• **Given entries**

================================

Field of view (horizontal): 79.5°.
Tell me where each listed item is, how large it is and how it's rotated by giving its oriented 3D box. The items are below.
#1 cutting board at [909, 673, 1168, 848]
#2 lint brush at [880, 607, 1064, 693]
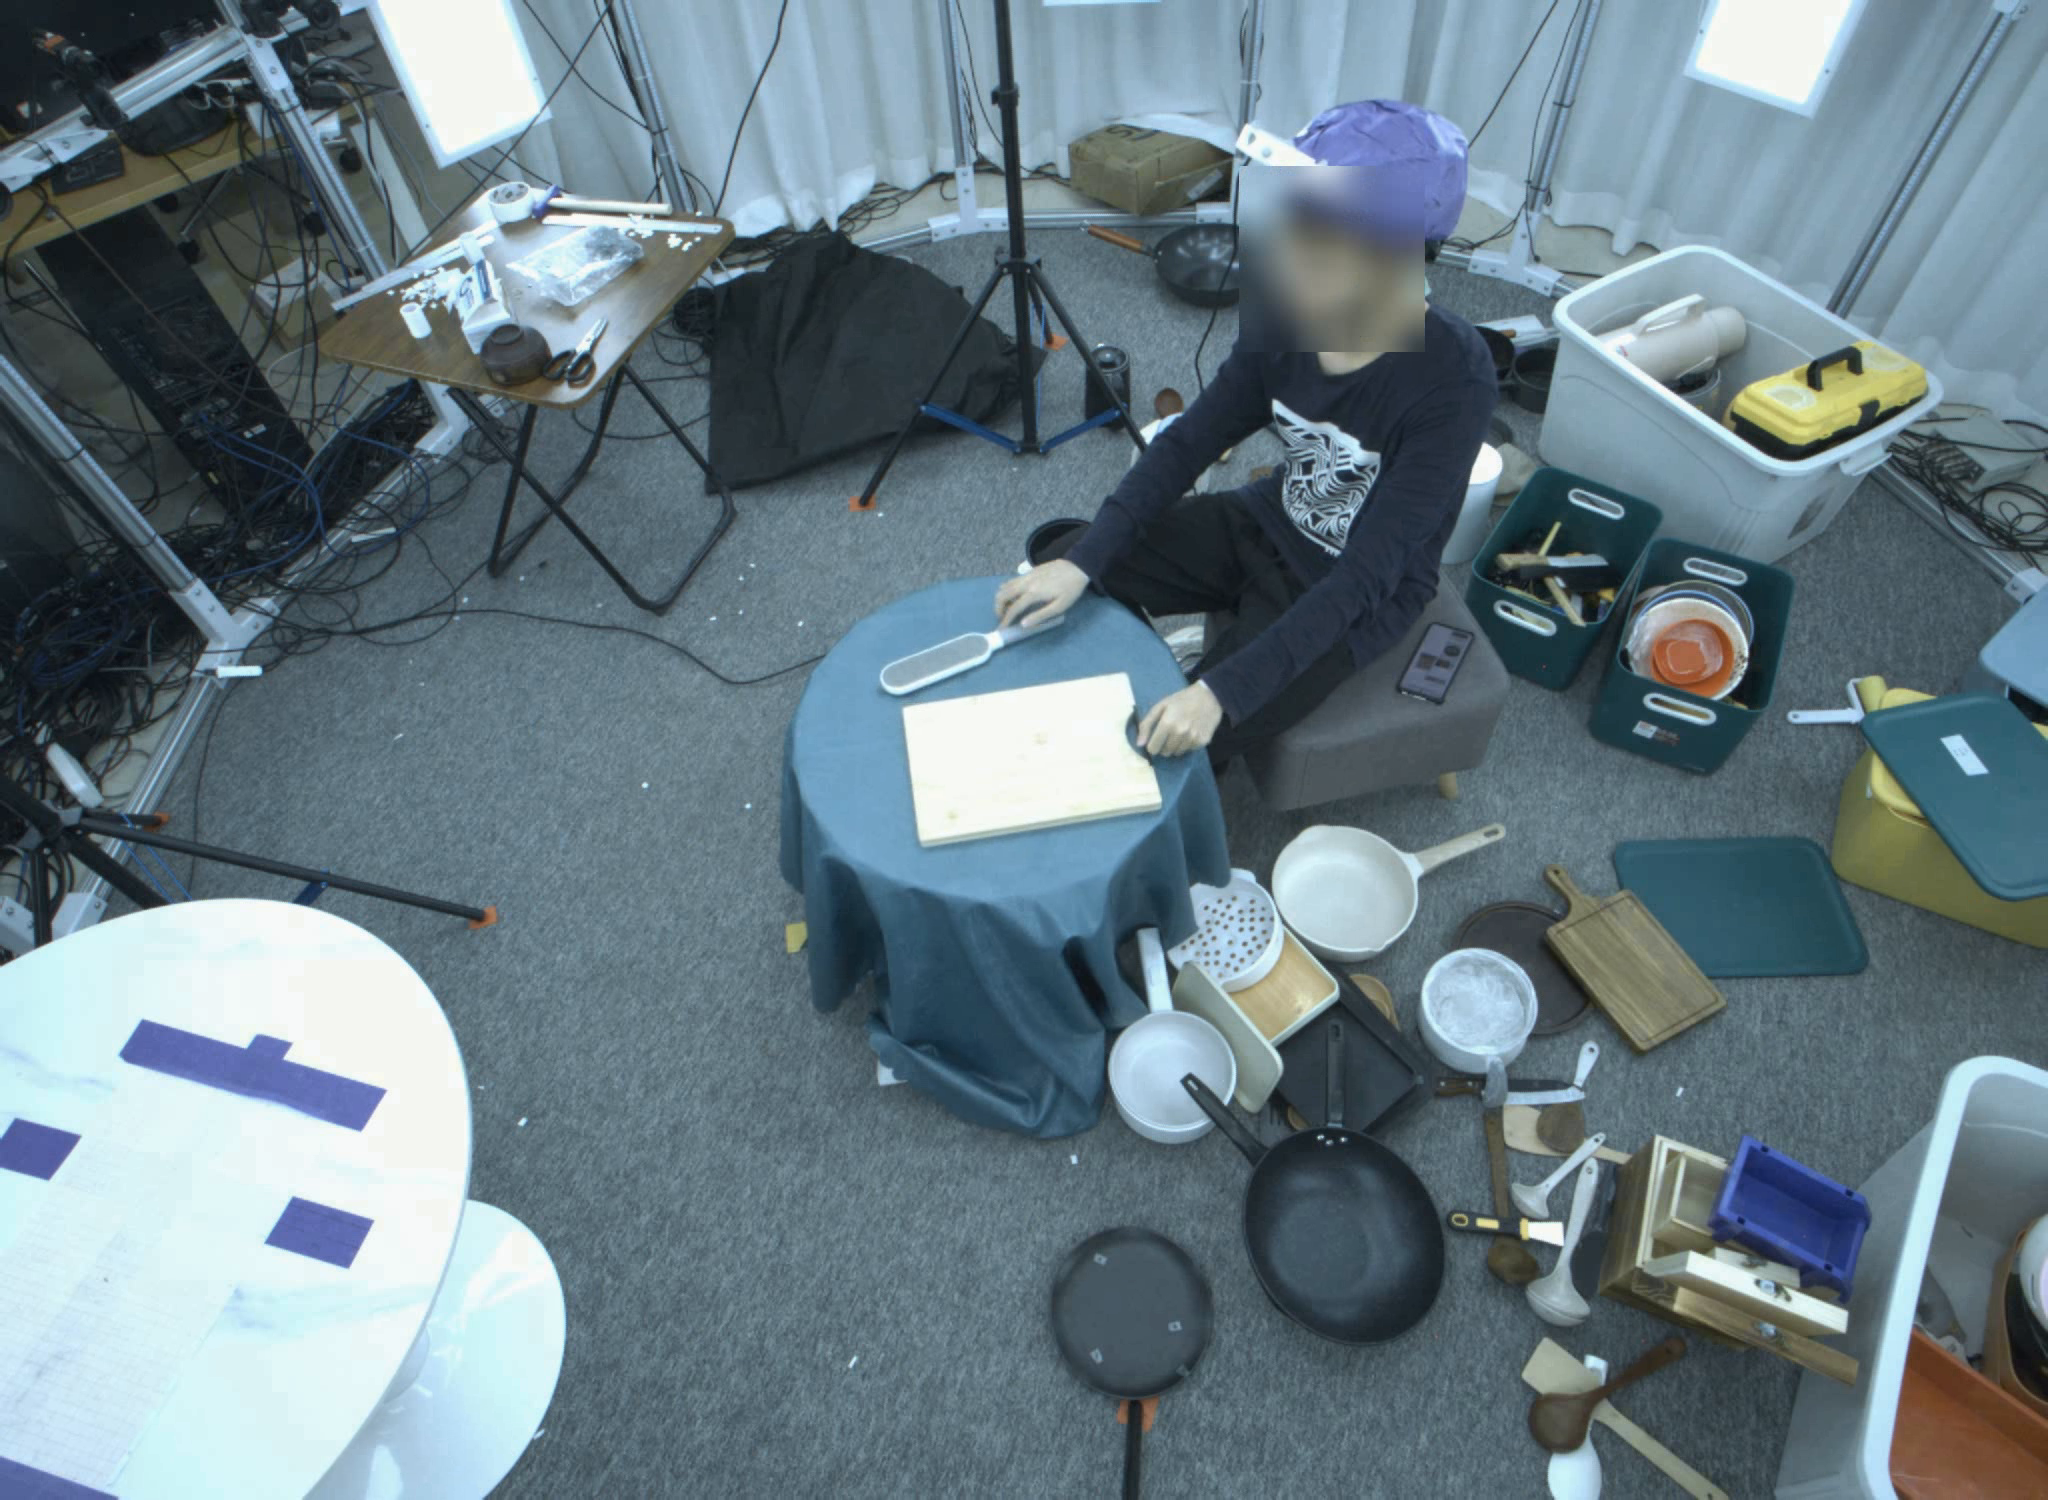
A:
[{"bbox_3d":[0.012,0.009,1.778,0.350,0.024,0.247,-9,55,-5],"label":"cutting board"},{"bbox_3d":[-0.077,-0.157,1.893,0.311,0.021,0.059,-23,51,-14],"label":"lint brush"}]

================================

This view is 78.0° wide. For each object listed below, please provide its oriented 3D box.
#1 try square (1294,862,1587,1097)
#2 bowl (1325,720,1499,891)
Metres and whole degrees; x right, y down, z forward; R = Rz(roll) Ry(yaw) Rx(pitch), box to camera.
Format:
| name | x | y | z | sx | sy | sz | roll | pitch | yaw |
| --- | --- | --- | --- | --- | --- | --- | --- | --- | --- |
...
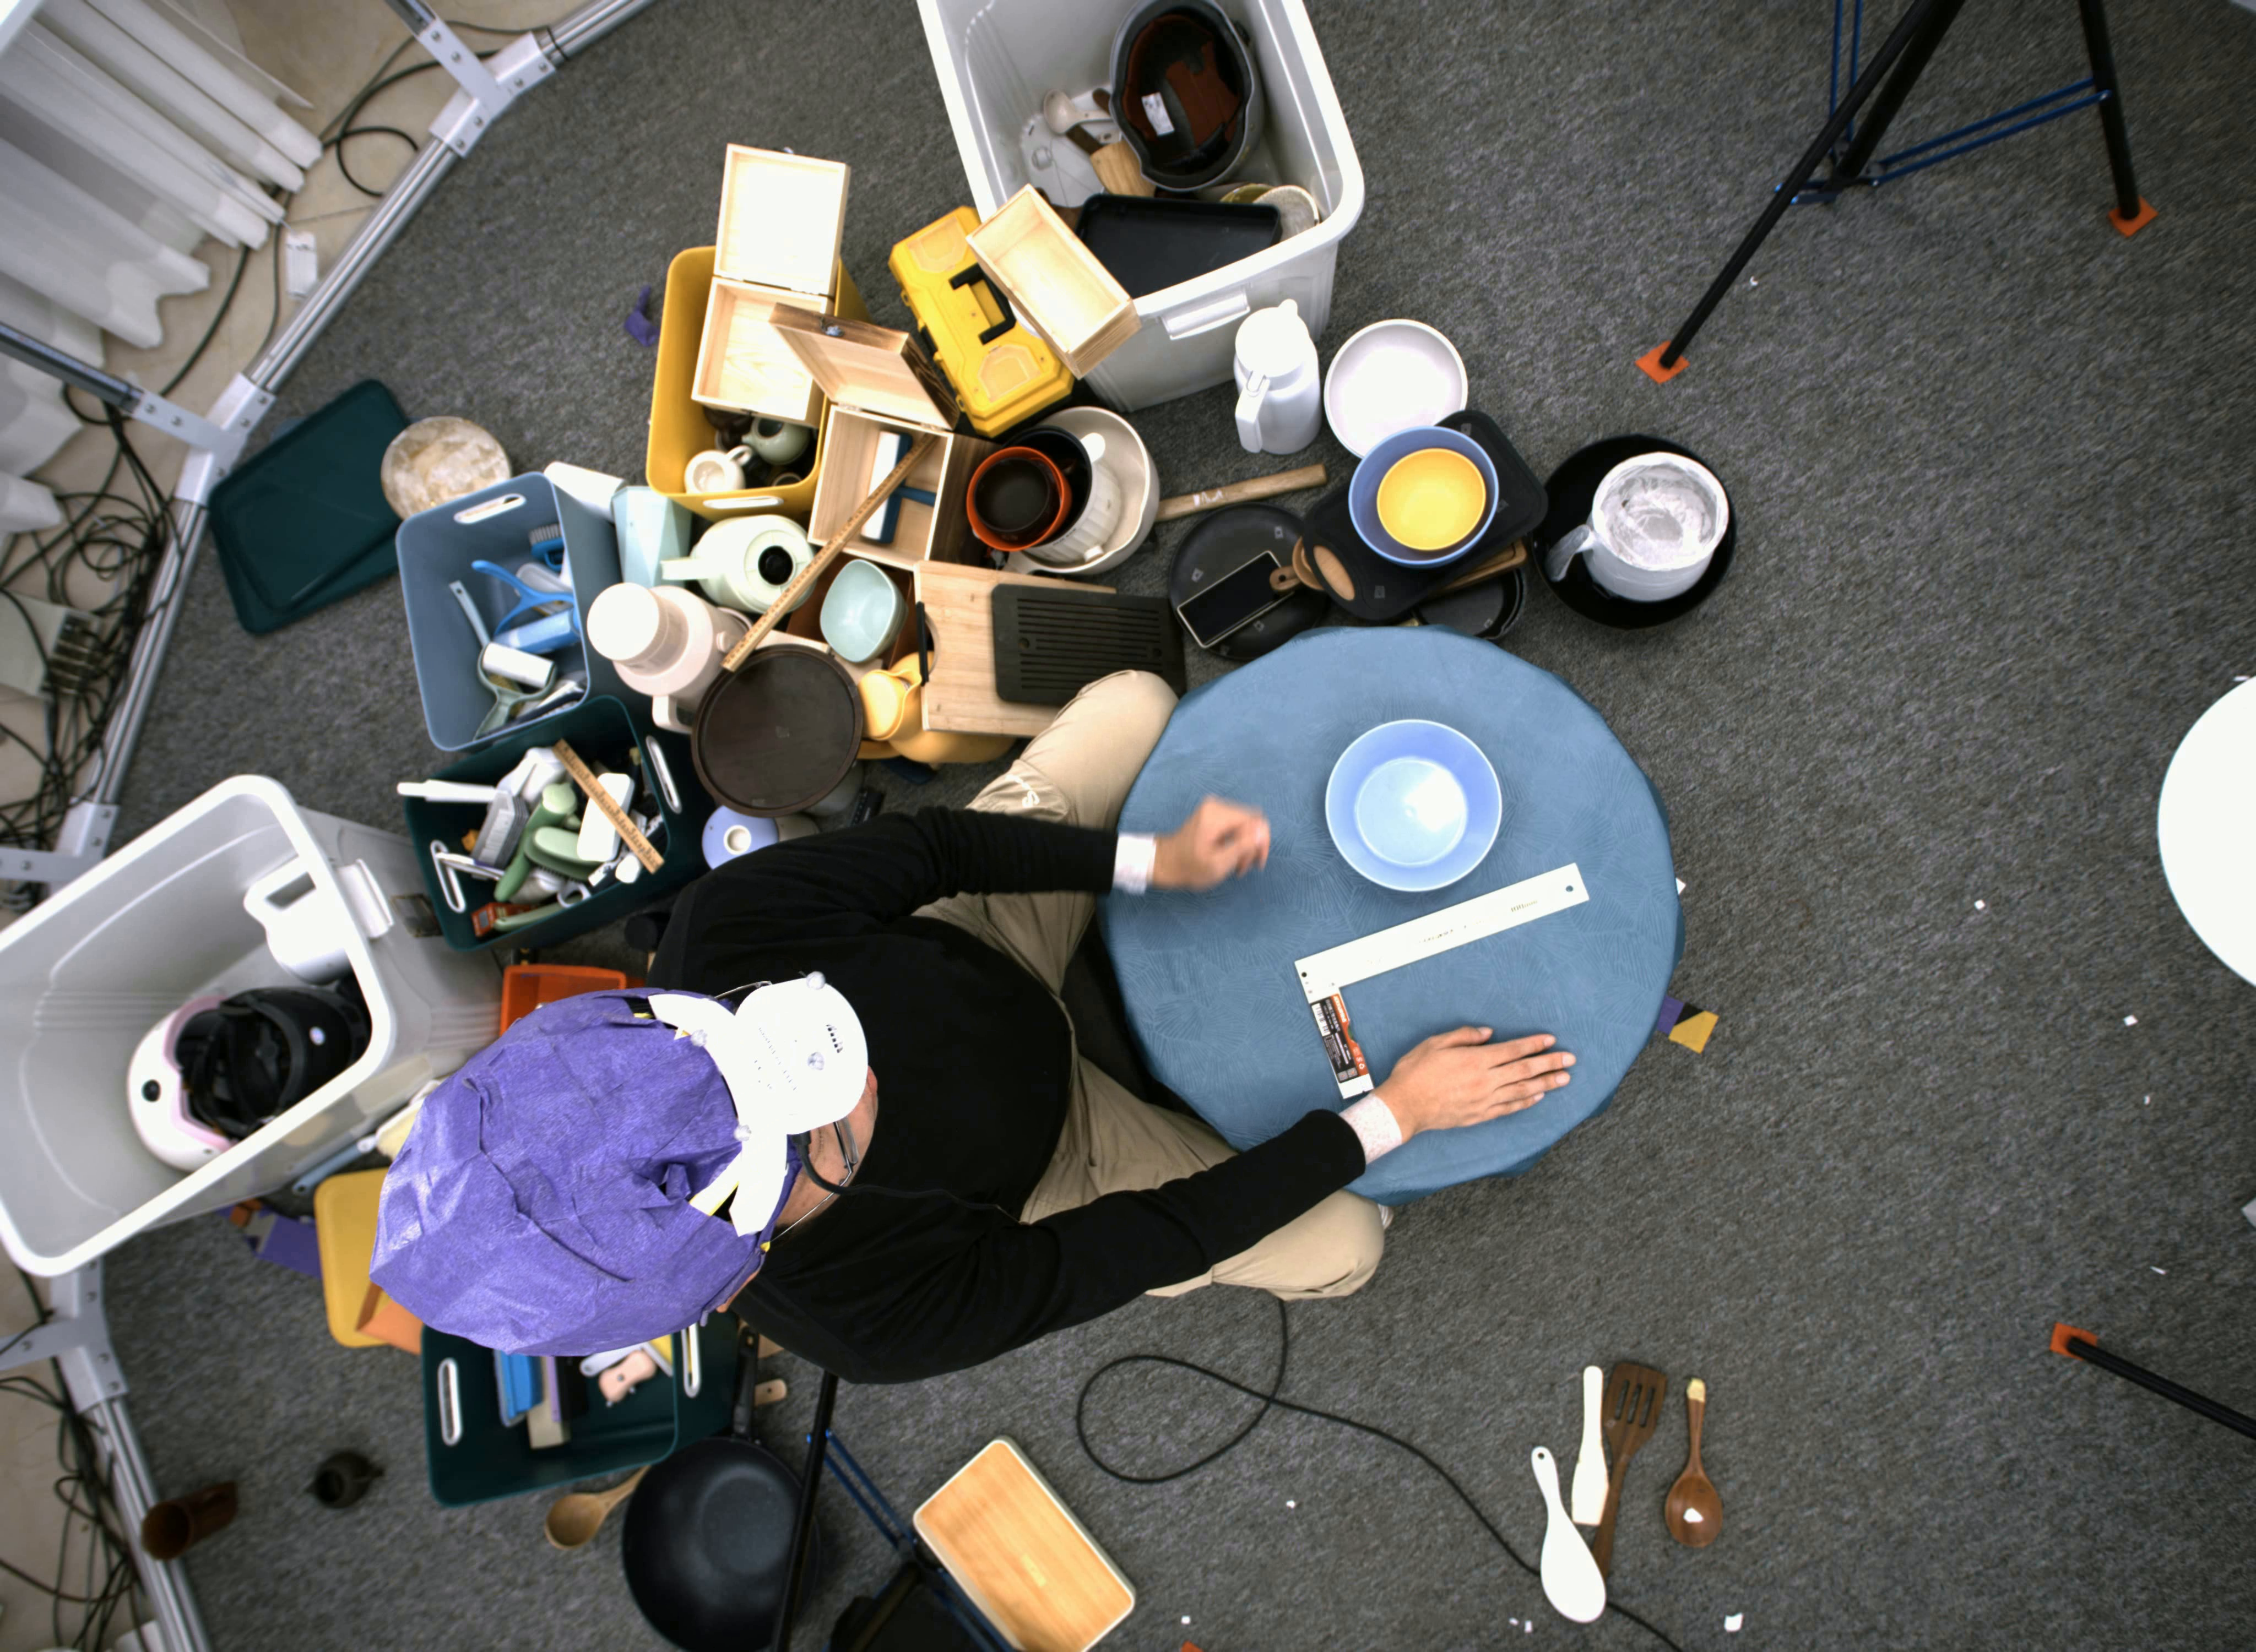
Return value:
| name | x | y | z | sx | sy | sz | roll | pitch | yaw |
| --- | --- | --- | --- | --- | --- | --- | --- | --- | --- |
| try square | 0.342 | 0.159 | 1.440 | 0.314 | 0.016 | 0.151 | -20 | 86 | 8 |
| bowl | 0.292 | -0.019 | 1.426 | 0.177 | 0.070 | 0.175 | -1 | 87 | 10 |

================================

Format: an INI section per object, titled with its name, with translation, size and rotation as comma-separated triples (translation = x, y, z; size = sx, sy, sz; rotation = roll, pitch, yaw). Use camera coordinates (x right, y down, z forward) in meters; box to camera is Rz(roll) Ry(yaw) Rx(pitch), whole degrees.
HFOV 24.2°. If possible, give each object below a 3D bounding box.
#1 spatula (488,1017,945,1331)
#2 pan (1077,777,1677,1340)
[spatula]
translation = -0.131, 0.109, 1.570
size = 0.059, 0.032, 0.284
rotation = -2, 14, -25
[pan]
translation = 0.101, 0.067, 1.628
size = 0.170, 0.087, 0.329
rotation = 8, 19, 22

================================

• **Problem details**
Please state how many lines of the data hold the string "view", with nothing else in your reply.

• **Solution to the problem**
2